Ok, so what do you do when your employer of 30 years says you're no longer needed and you're put out to pasture?
You join the Israeli Army, of course.
But instead of getting paid, you pay.
Former colleague Ron Feinberg and I were in Israel on a steaming hot army base in September-October, sorting medical supplies. The work was tedious but critical, because we were making sure the medical supplies were sterile. The only danger, which was very real, was that at least one of us (me) might suffer heat stroke walking from un-air conditioned barracks to a huge warehouse, cooled only by fans. It was hot as Holy Hell in the Holy Land. Yes, we had to stand in formation and salute the flag, eat ''chow" (there's a far better word for it that I won’t use here!), sleep in barracks with other guys, all of whom snored like crazy. Myself included, I’d expect. But nobody said. It was all for a very good cause. Met lots of interesting people — young and old — from around the world. One, named Sabastion, ingratiated himself immediately, pointing to me and saying, "Hey, you old." But unlike occasions when former colleagues made “joking” references to my age, it took me a full week to go bonkers, lose my temper….and then not at him, and for other reasons. I just called him Sabasterd instead of Sebastion. People from Canada, New Zealand, Australia, Britain, Holland, South Africa, Chile and many states made up the group. And Russia. One of the young Russians, who could speak English very well, said all Americans think Russian men are either named Boris, Ivan or Igor. So of course, I called him Ivan the whole time.
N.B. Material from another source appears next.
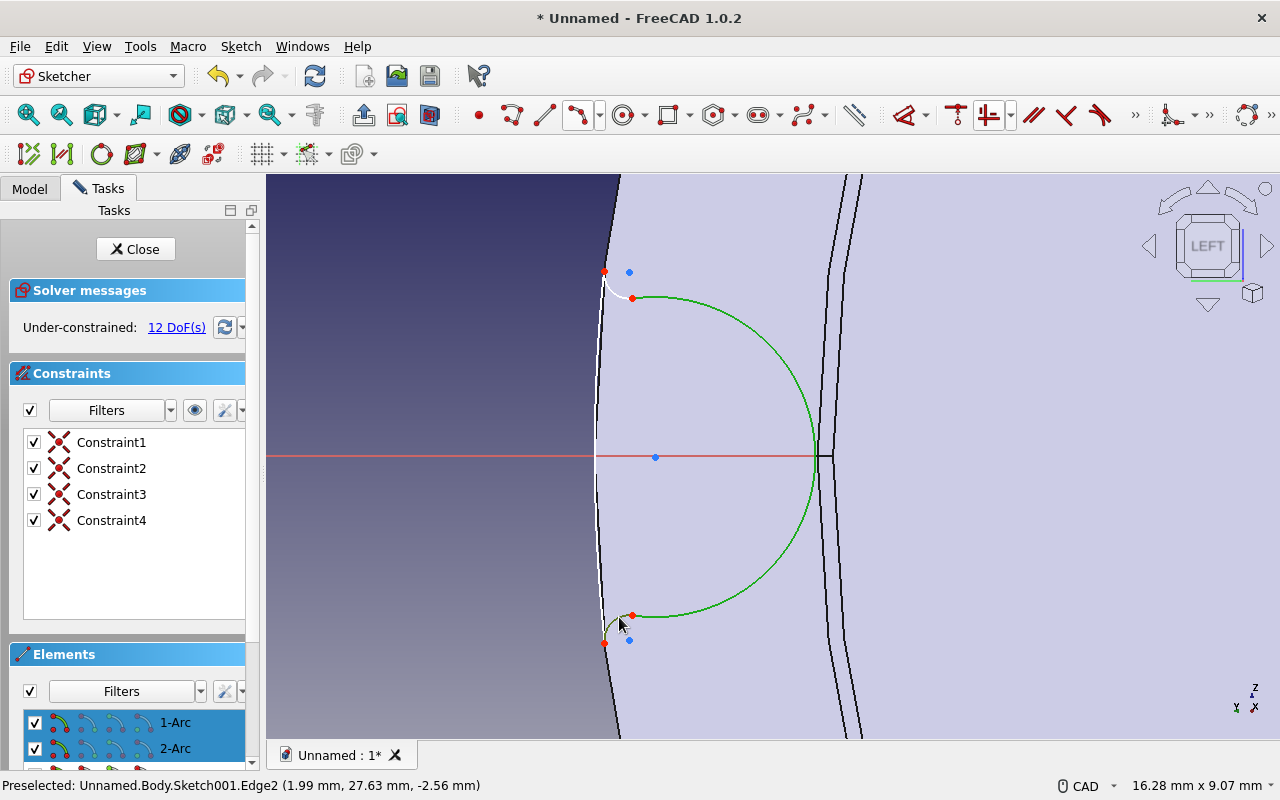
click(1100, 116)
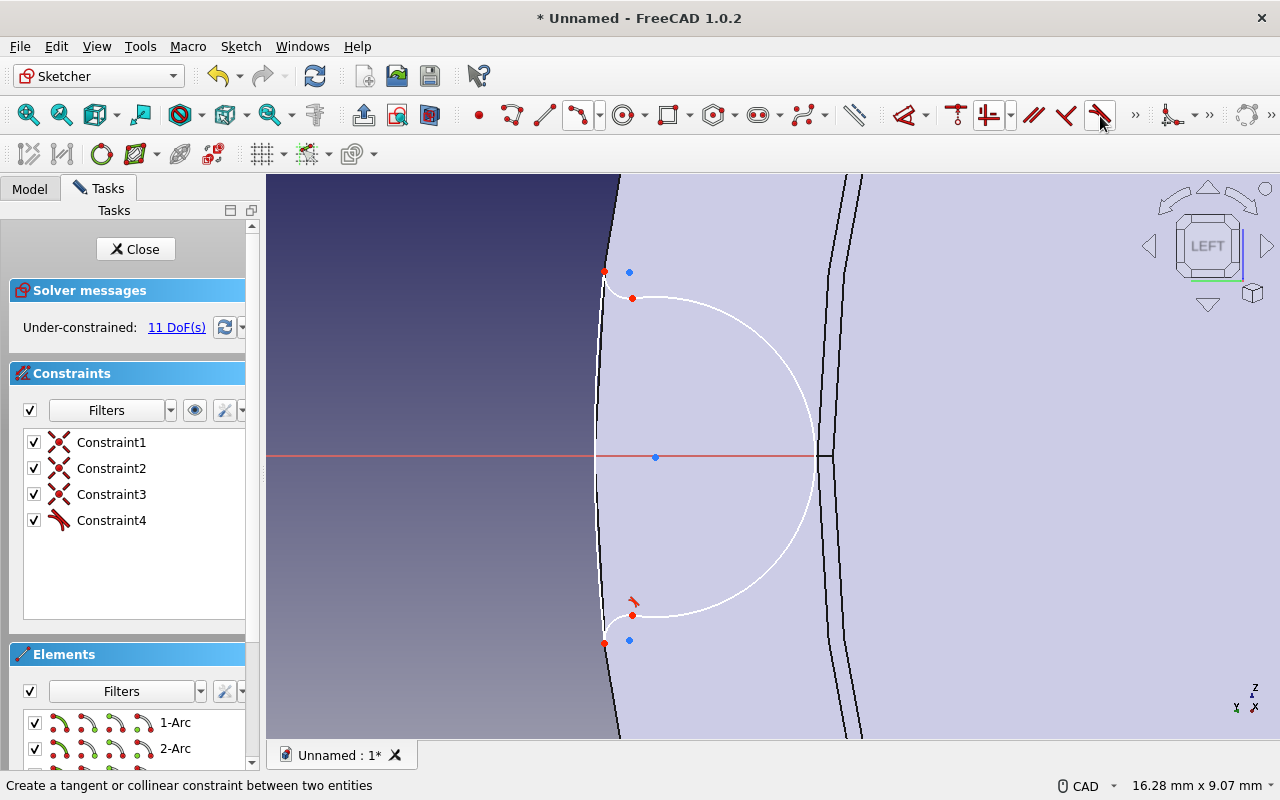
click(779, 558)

Or Igor. The guy from Chile, a professorial type, could speak five languages fluently. It was humbling. Made me feel like the typical dumb American. It was a great experience. I was quite impressed by the young people, each idealistic and eager. They gave me hope for the future. Maybe we older folks didn’t do such a bad job after all. I'm proud of my own kids, of course. One’s a lawyer, the other, who has a master’s degree in journalism (of all things), is now in South Korea to teach for a year. The young people in my Sar-El group were in Israel for a variety of reasons, including adventure, but also to learn…one kid to become a psychologist, another to experience trauma first hand as an emergency medical ‘first responder’. Gutzy.
Oh, and I had what some might call a “spiritual” experience in the Holy Land. I had to go to the emergency room of a giant hospital, on Yom Kippur, and had to walk maybe three miles to get there. I felt wimpy enough just getting sick, so I didn’t call an ambulance, and since nothing else was moving (NOTHING), I walked. When I got there, I probably looked like I was having a heart attack. Sweating. Huffing and puffing. But they fixed me up so that within three hours I was back at my favorite bar on the beach, drinking alone to my own health, and to the health of Israel. I would have raised a toast to peace — people who know me would say I’d drink to anything — but I left Israel with a firm conviction that peace is nowhere in sight.
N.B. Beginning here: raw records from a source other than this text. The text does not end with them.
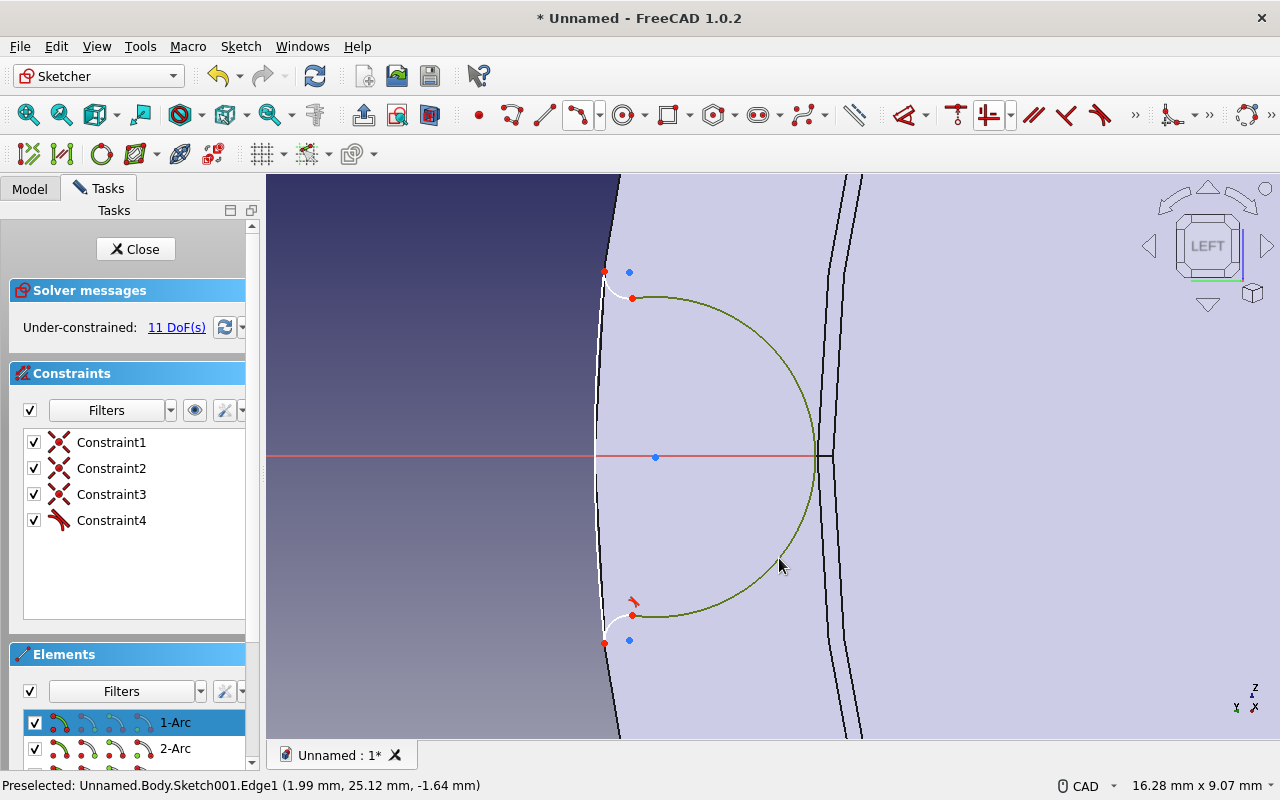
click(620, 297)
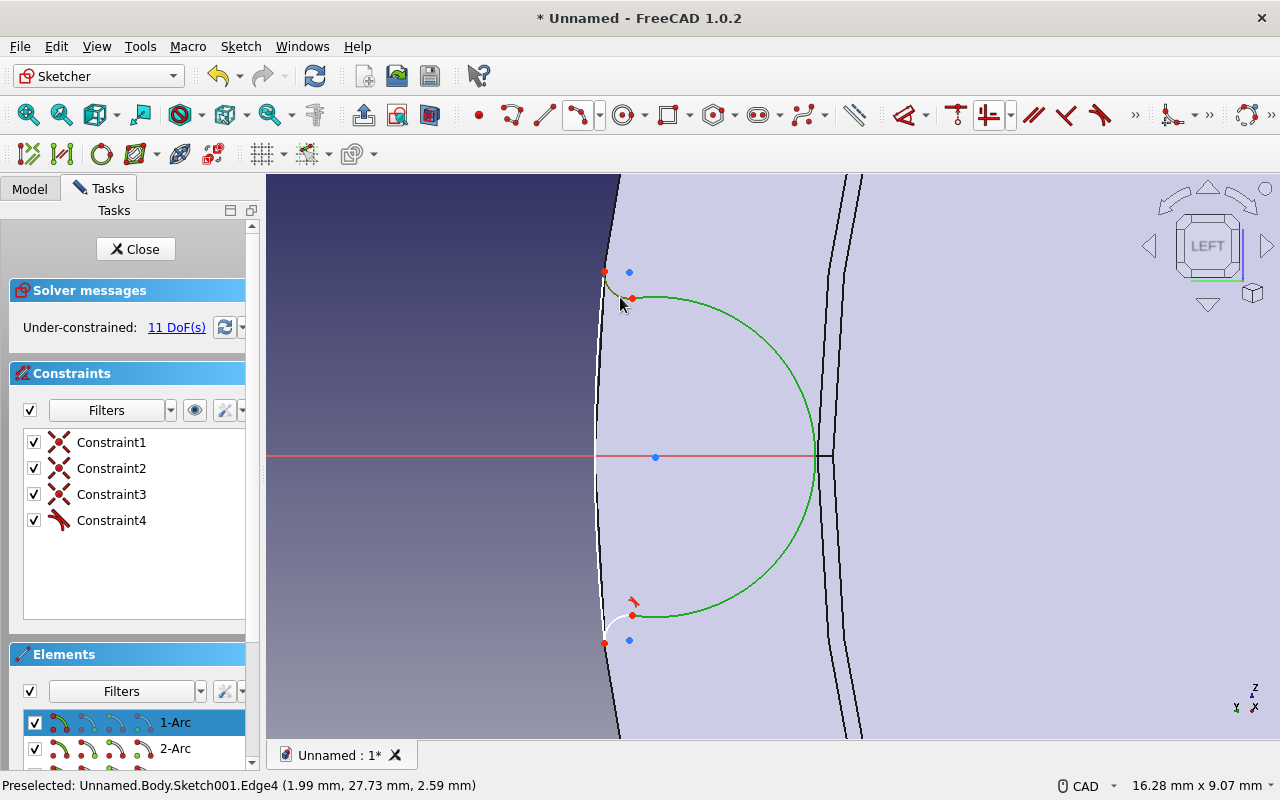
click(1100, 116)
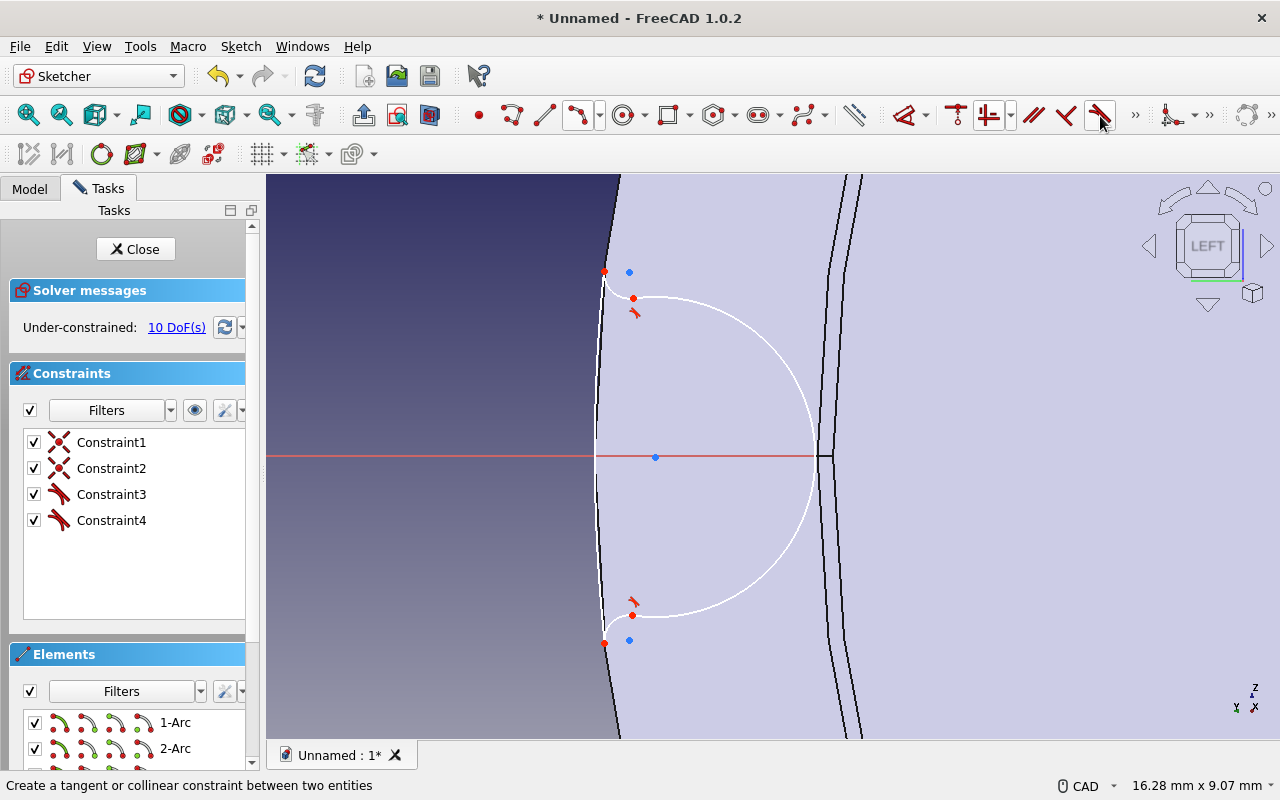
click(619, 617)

The Volunteers for Israel group was diverse, young and ‘older’, very smart and less than... The group included evangelical Christians as well as those of us who go to synagogue twice a year and some who go, it seems to me, just about all the time. I didn’t feel much like writing while there….the Netbook I took had a tiny keyboard, so I mostly posted photographs. Some appear below, along with pictures taken by fellow volunteers. Turns out my “spiritual experience” was pneumonia, from which I have recovered.
Now, I’ll write about the spiritual experience of trying to find a job. If I get one, ever, then even I will believe in miracles!